Esri / deep-learning-frameworks

Installation support for Deep Learning Frameworks for the ArcGIS System
438 stars 107 forks source link

Tensorflow 2.13 does not support GPU on Windows #97

Open KDeser opened 4 days ago

KDeser commented 4 days ago

Doe ESRI have a recommended solution to run existing code that utilizes Keras + TF to run custom-developed GPU models? Will downgrading TF break any of the ESRI packages?

TF 2.13 is included in the Deep Learning Framework for Pro 3.3

cleebp commented 4 days ago

Hi we have a note on the readme here about this, unfortunately with the package updates for Pro 3.3 upgrading to python 3.11 and moving to cudatoolkit 11.8.0 our older GPU builds of tensorflow are no longer compatible with the deep learning environment and we had to upgrade to the CPU-only builds of TensorFlow 2.13. This is due to upstream tensorflow dropping support for native windows GPU support in tensorflow 2.10.

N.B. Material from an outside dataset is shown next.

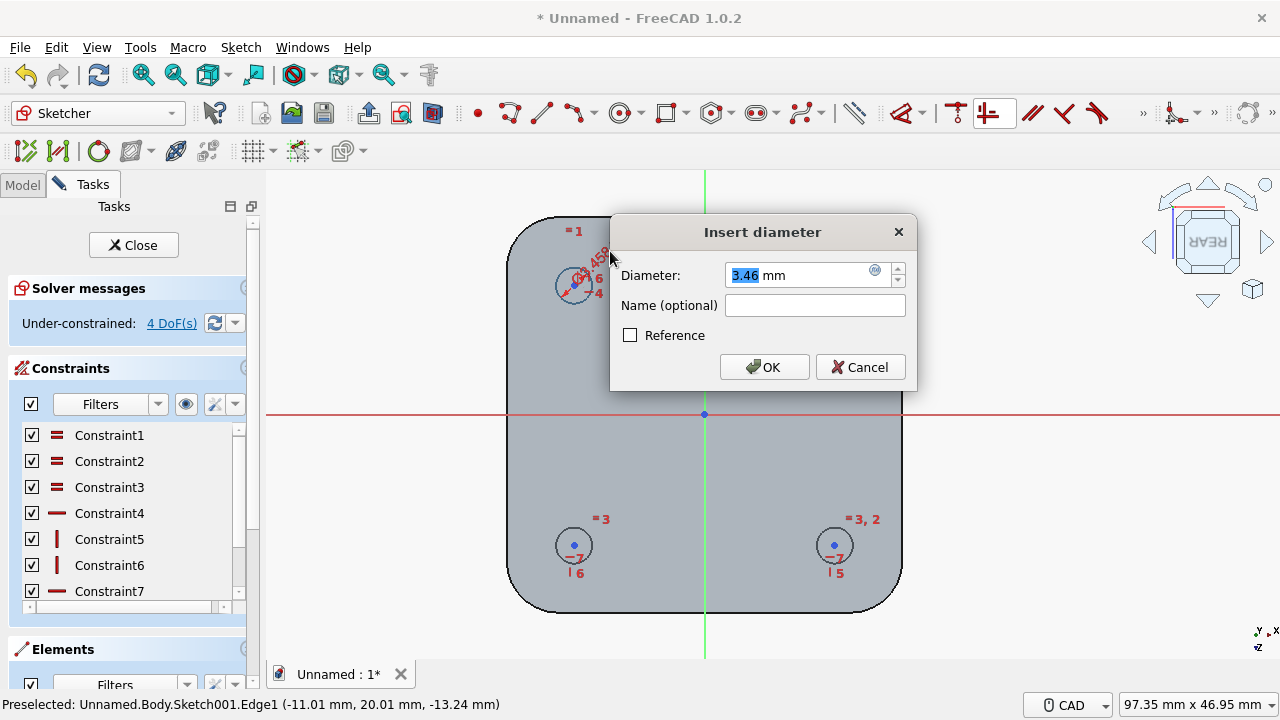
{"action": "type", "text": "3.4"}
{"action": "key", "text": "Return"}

I don't think you will be able to downgrade tensorflow to a windows compatible gpu version and still stay on python 3.11 without breaking the conda environment. We recommend migrating any tf dependent code to pytorch if possible, if this is not an option staying on Pro 3.2 + deep learning has the last supported tensorflow windows gpu builds.

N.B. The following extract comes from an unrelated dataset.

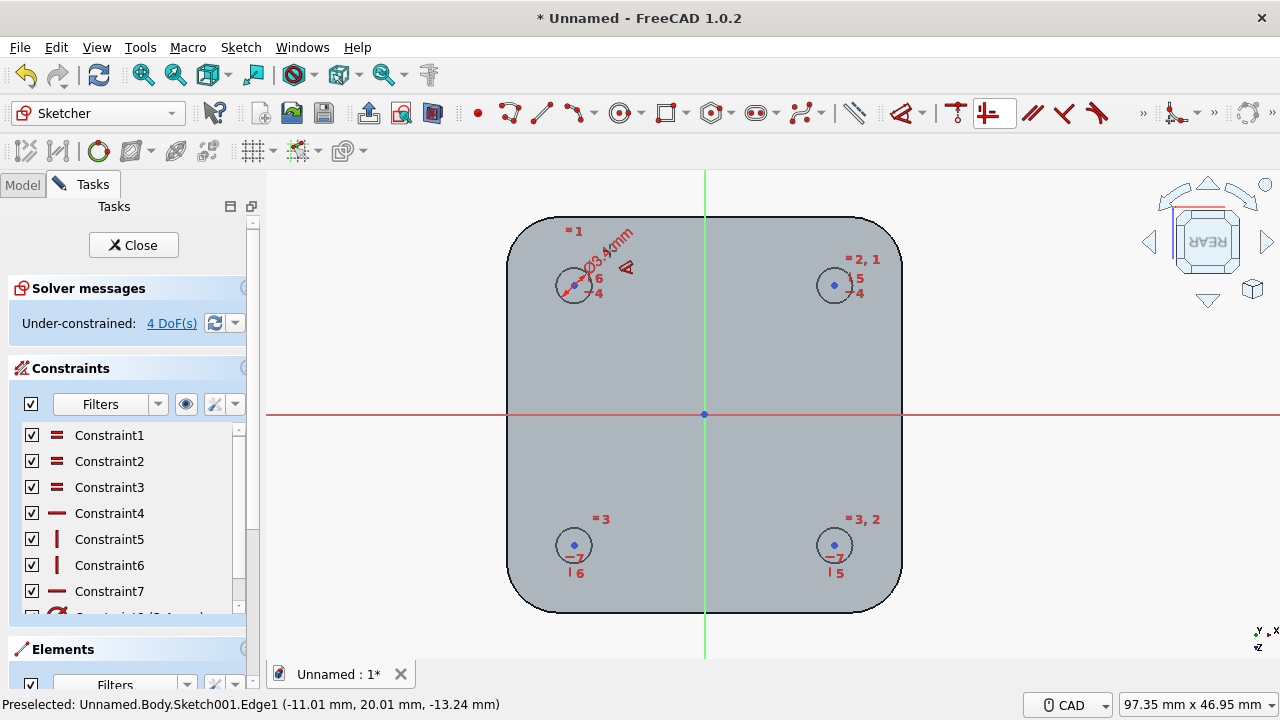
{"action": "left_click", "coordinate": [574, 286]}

KDeser commented 4 days ago

Thanks. I was thinking that is probably the case.

Currently I'm not using any of ESRI's own DL packages or extensions, but can I assume that all of those fully support GPU acceleration at this point, or in other words, that they're using PyTorch under the hood?

scw commented 4 days ago

The vast majority of the models are PyTorch based, but also some using a variety of other GPU based packages such as mmcv and OpenCV. The limited places that interact with TensorFlow will still work, just be slower as they are constrained to CPU only execution. If you were in a context where you wanted the latest Pro but also wanted a GPU backed TensorFlow, it would be possible with separate environments, you could create an independent conda environment for hosting the old TensorFlow and older Python and have that operate independently, using subprocess to knit the two together if you needed execution from Pro, but that approach is somewhat brittle to maintain.